Era da mezzo secolo, da quando Totò si travestì da ambasciatore del Katonga col lucido da scarpe in faccia, l’anello al naso e la feluca di ordinanza nel film Totòtruffa ’62, che non si rideva tanto. Ai primi di quest’anno il Quirinale, non si sa nella persona di quale altissimo funzionario, ha protestato con l’ambasciata francese a Roma per una modesta critica mossagli sul suo blog dal corrispondente di Le Monde, Philippe Ridet. Dopo uno dei tanti moniti da Pizia di Delfi per una tregua nel presunto scontro fra politici e magistrati, Ridet aveva invitato Napolitano a uscire dall’ipocrisia e a chiamare i “politici” col loro nome: Berlusconi. Apriti cielo: “Il Colle – racconta Philippe a Beatrice Borromeo – ha chiamato l’ambasciata francese per lamentarsi del mio articolo. Mi è venuto da sorridere, tanto né l’ambasciata né il mio giornale hanno fatto una piega, ovviamente”. In quel “sorridere” e in quell’“ovviamente” c’è tutto l’abisso che separa il sultanato del Napolitanistan dal mondo libero. Immaginiamo la scena, e soprattutto la faccia dell’ambasciatore: “Pronto, è l’ambasciata di Francia? Signorina, è il Quirinale, mi passi l’ambasciatore. Pronto, signor ambasciatore, perdoni il disturbo, ma il fatto è davvero grave: un giornalista del vostro paese si è permesso di criticare Sua Altezza Reale. Non lo sapete che è severamente proibito? Non avete ricevuto le ultime disposizioni dell’Ufficio Stampa e Propaganda? Egli è intoccabile, inascoltabile e ineffabile per diritto divino. Prendete buona nota e diramate a tutti i vostri corrispondenti. Per questa volta, passi. Ma la prossima scatta il foglio di via”. Per vent’anni molti si erano illusi che l’anomalia italiana riguardasse solo B. e i suoi cari, così allergici alle critiche della libera stampa (quella straniera) da molestare le diplomazie di mezzo mondo perché facessero ciò che lui faceva in Italia.

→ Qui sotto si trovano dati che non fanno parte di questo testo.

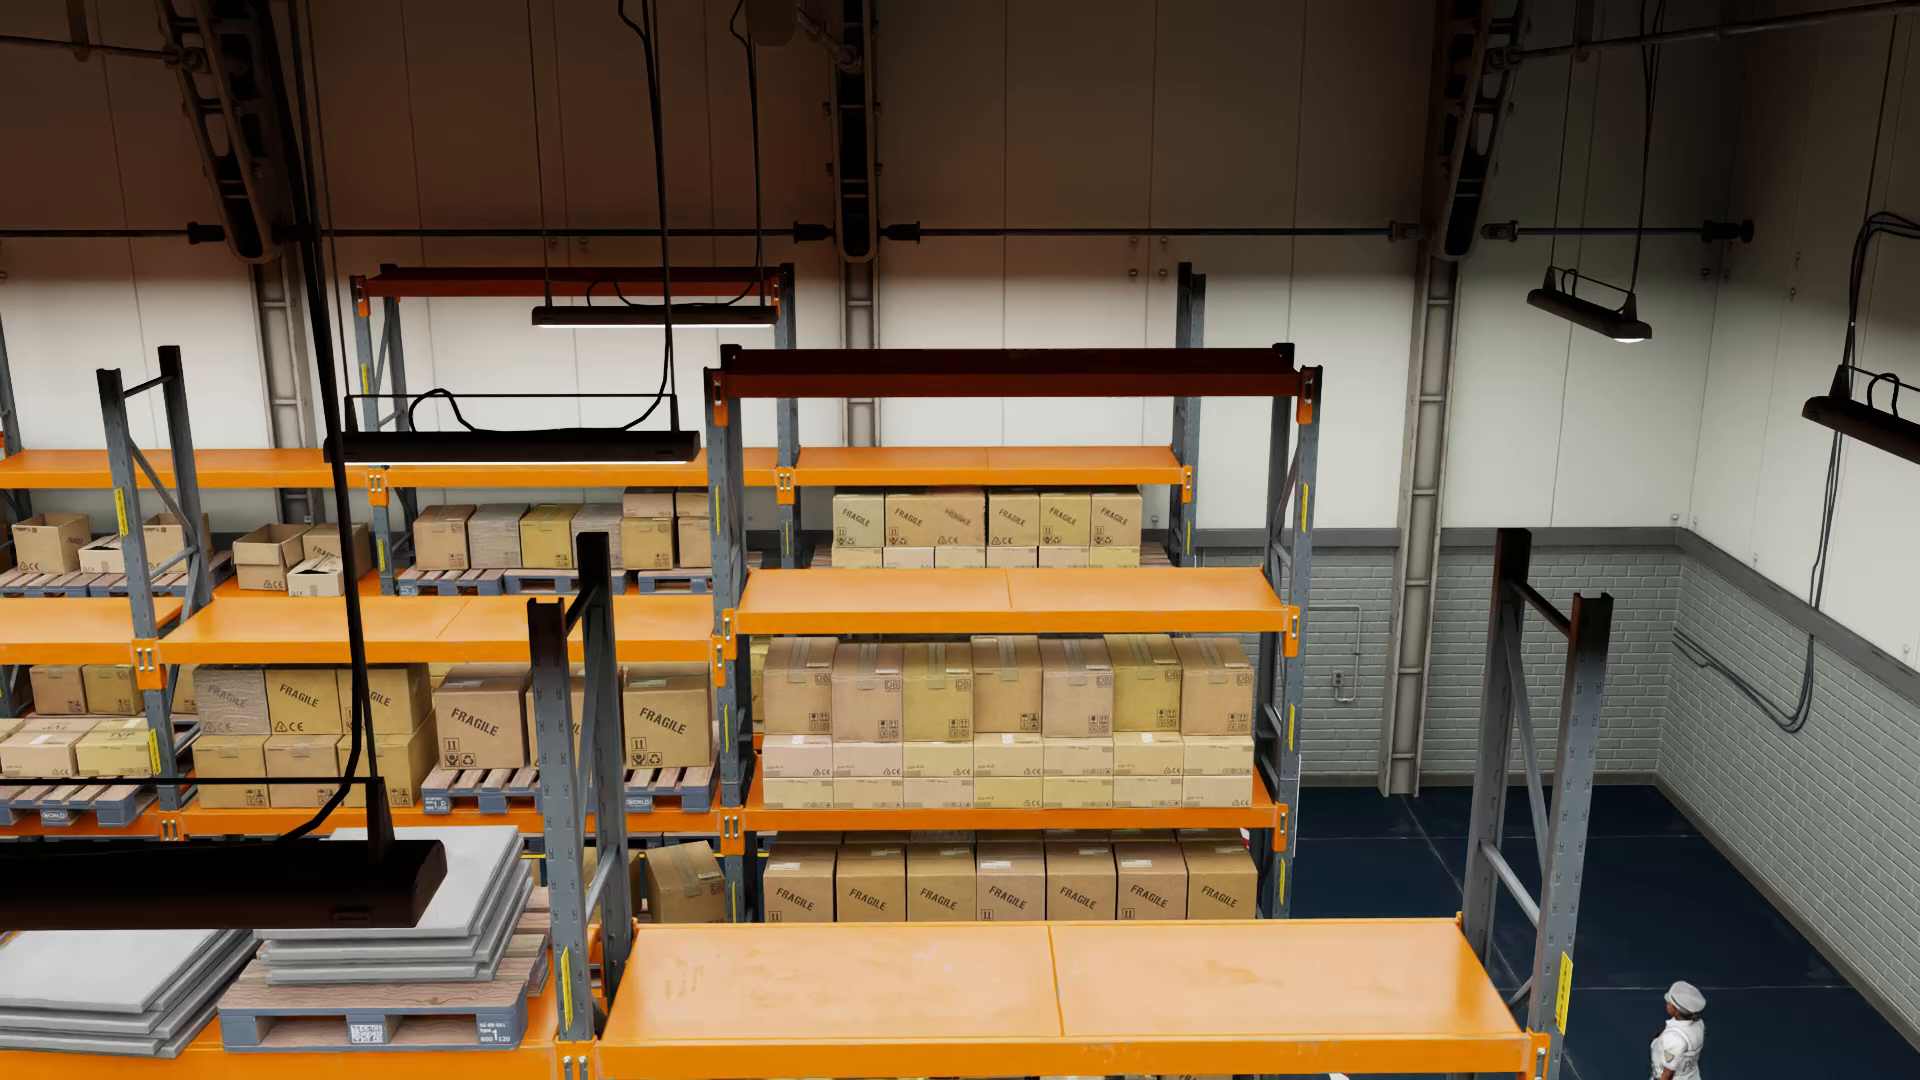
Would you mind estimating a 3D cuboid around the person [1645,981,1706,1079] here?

Nel 2002 il governo B. ritirò la sua delegazione dal Salone del Libro di Parigi perché il sottosegretario alla Cultura Vittorio Sgarbi era stato contestato da giovani italiani e francesi e snobbato dal ministro Catherine Tasca. E quando il canale tv franco-tedesco “Arte” trasmise un reportage su “L’irresistibile ascesa di S. Berlusconi”, il Caimano telefonò personalmente al premier Jean-Pierre Raffarin per protestare e chiedere di non replicarlo più. Raffarin rispose incredulo che in Francia il governo non fa i palinsesti televisivi, lì non si usa. Nel 2004 il documentario Citizen Berlusconi sui primi anni di regime berlusconiano fu selezionato all’European Documentary Festival di Oslo: B. ordinò all’ambasciatore italiano in Norvegia di intervenire per bloccarlo, e quello obbedì. Ma giornali e tv locali denunciarono la censura, il pubblico impose la proiezione in ben tre repliche, tanta era la folla interessata a vederlo. Nel 2010 il ministro della Cultura Sandro Bondi disertò il Festival di Cannes perché osava ospitare Draquila, il docufilm di Sabina Guzzanti sugli scandali del dopo-terremoto in Abruzzo. Thierry Frémaux, il direttore del Festival, ironizzò sul ministro che “boicottando il festival ha fatto un buon lavoro” e deplorò l’“inconcepibile atteggiamento contro la libertà di espressione”.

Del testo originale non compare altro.